_Task objective_
Repeat the listing that follows character for character, omitting images.
Exercise data START
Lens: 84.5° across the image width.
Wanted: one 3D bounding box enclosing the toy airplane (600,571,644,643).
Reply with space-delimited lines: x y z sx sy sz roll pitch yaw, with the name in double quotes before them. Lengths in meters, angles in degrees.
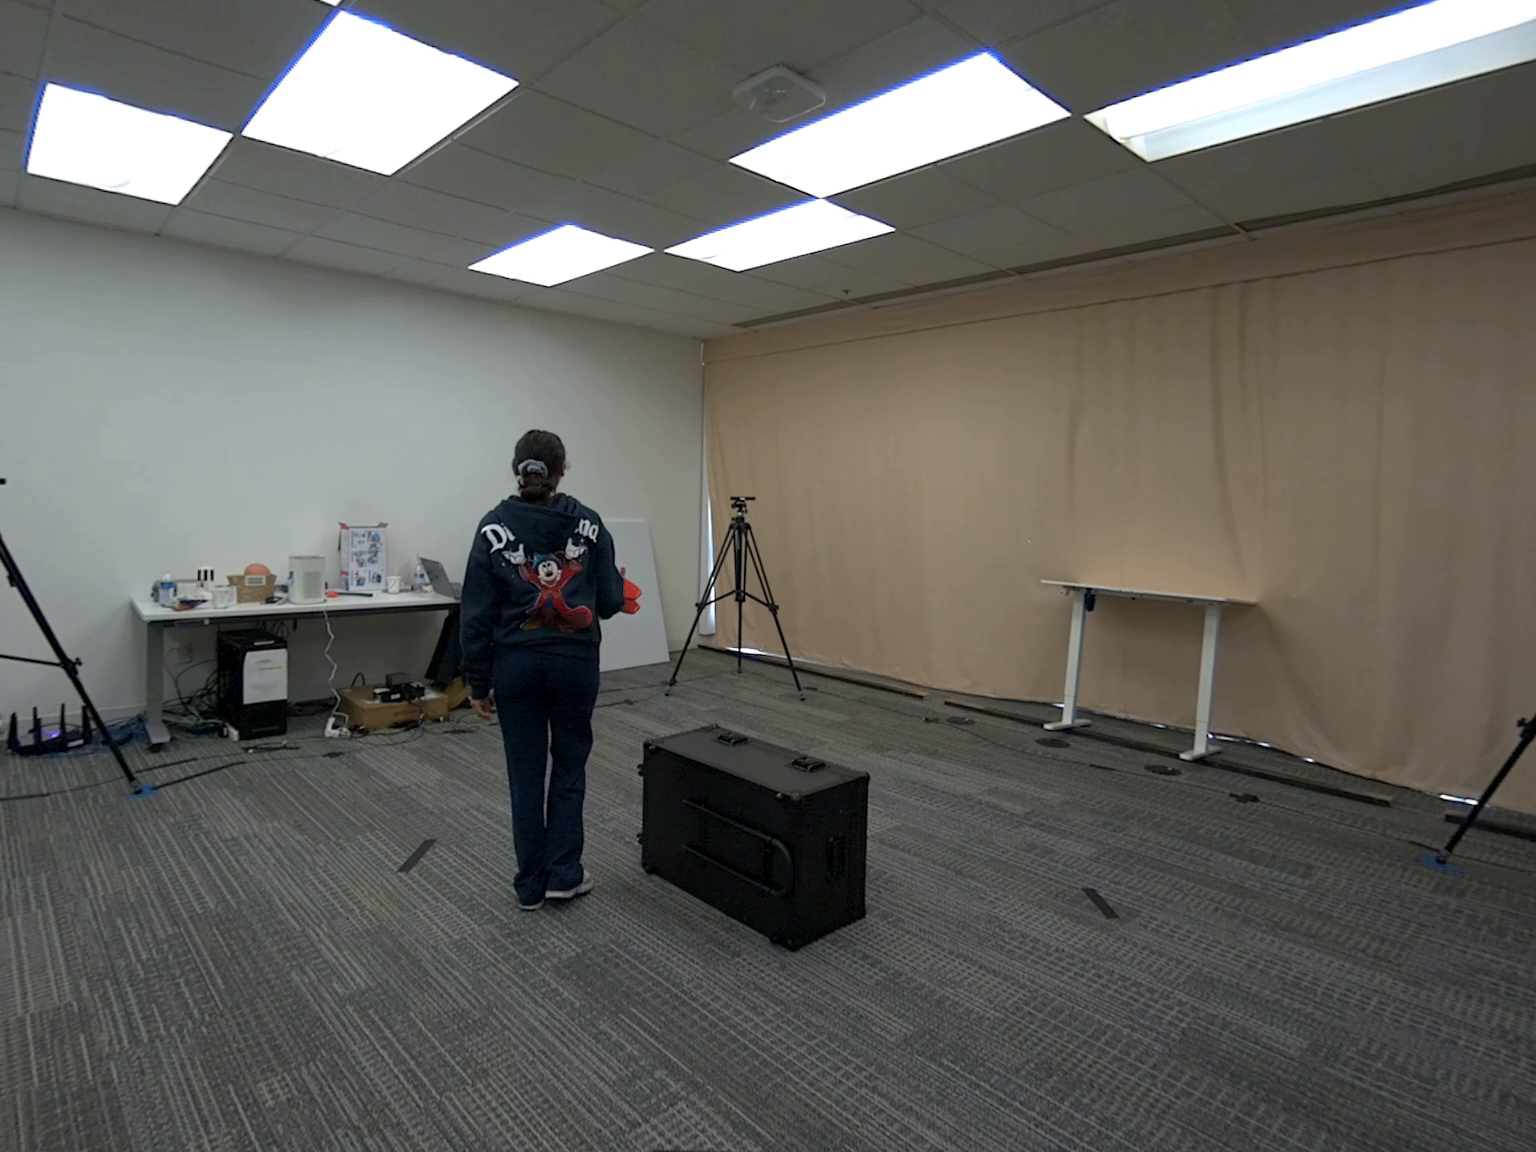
"toy airplane" -0.633 0.098 3.297 0.249 0.155 0.264 13 24 -10
Exercise data END
_Answer section_
Lens: 84.5° across the image width.
Wanted: one 3D bounding box enclosing the toy airplane (600,571,644,643).
Reply with space-delimited lines: x y z sx sy sz roll pitch yaw, with the name in double quotes before them. Lengths in meters, angles in degrees.
"toy airplane" -0.633 0.098 3.297 0.249 0.155 0.264 13 24 -10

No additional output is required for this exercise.